Zidan, Adel dan Alan berlarian di koridor rumah sakit tempat Nisa sebelumnya di operasi.
Nisa tidak ikut, dia diminta Zidan untuk tinggal di rumah bersama Bu Sekar.
Kabar menghilangnya bayi mereka yang secara tiba-tiba itu sangat mengejutkan dan membuat Nisa terpukul kalau saja bukan karna bekas operasinya yang belum kering mungkin Nisa lah yang akan paling duluan berlari mencari anaknya.
"Al!" seru Zidan setelah melihat Alice yang tengah berbicara dengan seorang petugas rumah sakit dengan wajah cemas.

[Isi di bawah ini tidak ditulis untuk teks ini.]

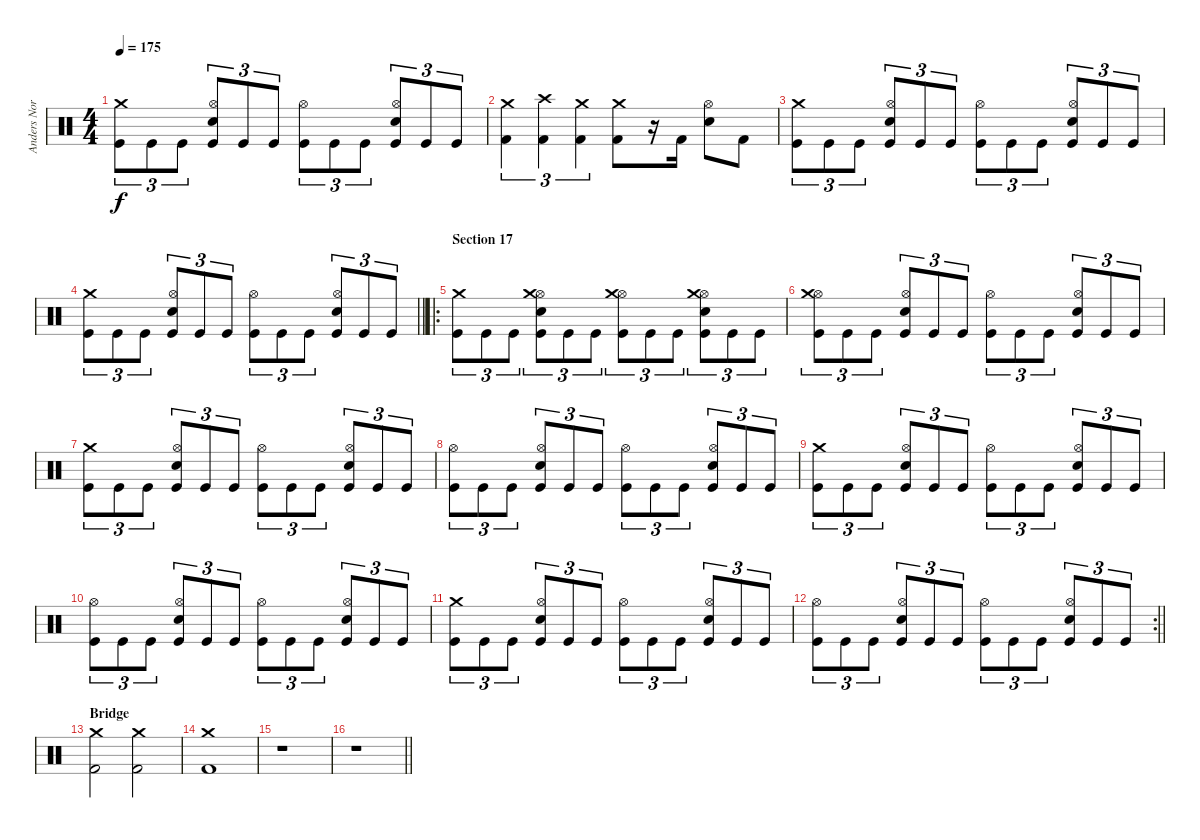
\track ("Anders Nordin" "Anders Nor") {instrument percussion}
\staff {score}
\articulation defaults
\ts (4 4)
\tempo 175
\clef neutral
\ks c
("Crash medium (hit)" "Kick (hit)").8{tu (3 2) dy f} "Kick (hit)".8{tu (3 2)} "Kick (hit)".8{tu (3 2)} ("Hi-Hat (open)" "Electric Snare (hit)" "Kick (hit)").8{tu (3 2)} "Kick (hit)".8{tu (3 2)} "Kick (hit)".8{tu (3 2)} ("Hi-Hat (open)" "Kick (hit)").8{tu (3 2)} "Kick (hit)".8{tu (3 2)} "Kick (hit)".8{tu (3 2)} ("Hi-Hat (open)" "Electric Snare (hit)" "Kick (hit)").8{tu (3 2)} "Kick (hit)".8{tu (3 2)} "Kick (hit)".8{tu (3 2)} |
("Crash medium (hit)" "Kick (hit) 2").4{tu (3 2)} ("Crash high (hit)" "Kick (hit) 2").4{tu (3 2)} ("Crash medium (hit)" "Kick (hit) 2").4{tu (3 2)} ("Crash medium (hit)" "Kick (hit) 2").8 r.16 "Kick (hit) 2".16 ("Snare (hit) 2" "Hi-Hat (open)").8 "Kick (hit) 2".8 |
("Crash medium (hit)" "Kick (hit)").8{tu (3 2)} "Kick (hit)".8{tu (3 2)} "Kick (hit)".8{tu (3 2)} ("Hi-Hat (open)" "Electric Snare (hit)" "Kick (hit)").8{tu (3 2)} "Kick (hit)".8{tu (3 2)} "Kick (hit)".8{tu (3 2)} ("Hi-Hat (open)" "Kick (hit)").8{tu (3 2)} "Kick (hit)".8{tu (3 2)} "Kick (hit)".8{tu (3 2)} ("Hi-Hat (open)" "Electric Snare (hit)" "Kick (hit)").8{tu (3 2)} "Kick (hit)".8{tu (3 2)} "Kick (hit)".8{tu (3 2)} |
\barLineRight lightlight
("Crash medium (hit)" "Kick (hit)").8{tu (3 2)} "Kick (hit)".8{tu (3 2)} "Kick (hit)".8{tu (3 2)} ("Hi-Hat (open)" "Electric Snare (hit)" "Kick (hit)").8{tu (3 2)} "Kick (hit)".8{tu (3 2)} "Kick (hit)".8{tu (3 2)} ("Hi-Hat (open)" "Kick (hit)").8{tu (3 2)} "Kick (hit)".8{tu (3 2)} "Kick (hit)".8{tu (3 2)} ("Hi-Hat (open)" "Electric Snare (hit)" "Kick (hit)").8{tu (3 2)} "Kick (hit)".8{tu (3 2)} "Kick (hit)".8{tu (3 2)} |
\ro
\section ("" "Section 17")
("Crash medium (hit)" "Kick (hit)").8{tu (3 2)} "Kick (hit)".8{tu (3 2)} "Kick (hit)".8{tu (3 2)} ("Hi-Hat (open)" "Crash medium (hit)" "Electric Snare (hit)" "Kick (hit)").8{tu (3 2)} "Kick (hit)".8{tu (3 2)} "Kick (hit)".8{tu (3 2)} ("Hi-Hat (open)" "Crash medium (hit)" "Kick (hit)").8{tu (3 2)} "Kick (hit)".8{tu (3 2)} "Kick (hit)".8{tu (3 2)} ("Hi-Hat (open)" "Crash medium (hit)" "Electric Snare (hit)" "Kick (hit)").8{tu (3 2)} "Kick (hit)".8{tu (3 2)} "Kick (hit)".8{tu (3 2)} |
("Hi-Hat (open)" "Crash medium (hit)" "Kick (hit)").8{tu (3 2)} "Kick (hit)".8{tu (3 2)} "Kick (hit)".8{tu (3 2)} ("Hi-Hat (open)" "Electric Snare (hit)" "Kick (hit)").8{tu (3 2)} "Kick (hit)".8{tu (3 2)} "Kick (hit)".8{tu (3 2)} ("Hi-Hat (open)" "Kick (hit)").8{tu (3 2)} "Kick (hit)".8{tu (3 2)} "Kick (hit)".8{tu (3 2)} ("Hi-Hat (open)" "Electric Snare (hit)" "Kick (hit)").8{tu (3 2)} "Kick (hit)".8{tu (3 2)} "Kick (hit)".8{tu (3 2)} |
("Crash medium (hit)" "Kick (hit)").8{tu (3 2)} "Kick (hit)".8{tu (3 2)} "Kick (hit)".8{tu (3 2)} ("Hi-Hat (open)" "Electric Snare (hit)" "Kick (hit)").8{tu (3 2)} "Kick (hit)".8{tu (3 2)} "Kick (hit)".8{tu (3 2)} ("Hi-Hat (open)" "Kick (hit)").8{tu (3 2)} "Kick (hit)".8{tu (3 2)} "Kick (hit)".8{tu (3 2)} ("Hi-Hat (open)" "Electric Snare (hit)" "Kick (hit)").8{tu (3 2)} "Kick (hit)".8{tu (3 2)} "Kick (hit)".8{tu (3 2)} |
("Hi-Hat (open)" "Kick (hit)").8{tu (3 2)} "Kick (hit)".8{tu (3 2)} "Kick (hit)".8{tu (3 2)} ("Hi-Hat (open)" "Electric Snare (hit)" "Kick (hit)").8{tu (3 2)} "Kick (hit)".8{tu (3 2)} "Kick (hit)".8{tu (3 2)} ("Hi-Hat (open)" "Kick (hit)").8{tu (3 2)} "Kick (hit)".8{tu (3 2)} "Kick (hit)".8{tu (3 2)} ("Hi-Hat (open)" "Electric Snare (hit)" "Kick (hit)").8{tu (3 2)} "Kick (hit)".8{tu (3 2)} "Kick (hit)".8{tu (3 2)} |
("Crash medium (hit)" "Kick (hit)").8{tu (3 2)} "Kick (hit)".8{tu (3 2)} "Kick (hit)".8{tu (3 2)} ("Hi-Hat (open)" "Electric Snare (hit)" "Kick (hit)").8{tu (3 2)} "Kick (hit)".8{tu (3 2)} "Kick (hit)".8{tu (3 2)} ("Hi-Hat (open)" "Kick (hit)").8{tu (3 2)} "Kick (hit)".8{tu (3 2)} "Kick (hit)".8{tu (3 2)} ("Hi-Hat (open)" "Electric Snare (hit)" "Kick (hit)").8{tu (3 2)} "Kick (hit)".8{tu (3 2)} "Kick (hit)".8{tu (3 2)} |
("Hi-Hat (open)" "Kick (hit)").8{tu (3 2)} "Kick (hit)".8{tu (3 2)} "Kick (hit)".8{tu (3 2)} ("Hi-Hat (open)" "Electric Snare (hit)" "Kick (hit)").8{tu (3 2)} "Kick (hit)".8{tu (3 2)} "Kick (hit)".8{tu (3 2)} ("Hi-Hat (open)" "Kick (hit)").8{tu (3 2)} "Kick (hit)".8{tu (3 2)} "Kick (hit)".8{tu (3 2)} ("Hi-Hat (open)" "Electric Snare (hit)" "Kick (hit)").8{tu (3 2)} "Kick (hit)".8{tu (3 2)} "Kick (hit)".8{tu (3 2)} |
("Crash medium (hit)" "Kick (hit)").8{tu (3 2)} "Kick (hit)".8{tu (3 2)} "Kick (hit)".8{tu (3 2)} ("Hi-Hat (open)" "Electric Snare (hit)" "Kick (hit)").8{tu (3 2)} "Kick (hit)".8{tu (3 2)} "Kick (hit)".8{tu (3 2)} ("Hi-Hat (open)" "Kick (hit)").8{tu (3 2)} "Kick (hit)".8{tu (3 2)} "Kick (hit)".8{tu (3 2)} ("Hi-Hat (open)" "Electric Snare (hit)" "Kick (hit)").8{tu (3 2)} "Kick (hit)".8{tu (3 2)} "Kick (hit)".8{tu (3 2)} |
\rc 2
\barLineRight lightlight
("Hi-Hat (open)" "Kick (hit)").8{tu (3 2)} "Kick (hit)".8{tu (3 2)} "Kick (hit)".8{tu (3 2)} ("Hi-Hat (open)" "Electric Snare (hit)" "Kick (hit)").8{tu (3 2)} "Kick (hit)".8{tu (3 2)} "Kick (hit)".8{tu (3 2)} ("Hi-Hat (open)" "Kick (hit)").8{tu (3 2)} "Kick (hit)".8{tu (3 2)} "Kick (hit)".8{tu (3 2)} ("Hi-Hat (open)" "Electric Snare (hit)" "Kick (hit)").8{tu (3 2)} "Kick (hit)".8{tu (3 2)} "Kick (hit)".8{tu (3 2)} |
\section ("" "Bridge")
("Crash medium (hit)" "Kick (hit) 2").2 ("Crash medium (hit)" "Kick (hit) 2").2 |
("Crash medium (hit)" "Kick (hit) 2").1 |
r.1 |
\barLineRight lightlight
r.1

" Bang zidan, Mbak Adel!" seru Alice melambaikan tangannya agar terlihat oleh zidan dan Adel juga Alan yang setia mengikuti mereka di belakang.
"Bagaimana bisa? Kenapa bayi sekecil itu bisa hilang? Apa sudah di periksa baik-baik siapa tau ternyata hanya di pindahkan ke inkubator lain oleh suster?" cecar Zidan mengungkapkan segala kemungkinan yang bisa saja terjadi.
"Iya, Dek Al. Nggak mungkin bayi merah begitu bisa tiba-tiba hilang tanpa ada yang memindahkan," desak Adel pula.
Alice menggeleng, tampak kentara sekali wajah khawatirnya. "Bayi kalian nggak murni hilang, Mbak."
Adel terkejut terlebih zidan dan Alan yang tidak mengerti apa yang di maksud Alice.
"Maksud kamu apa, Al? Tolong jangan bermain-main. Ini nggak lucu," sentak Zidan kesal.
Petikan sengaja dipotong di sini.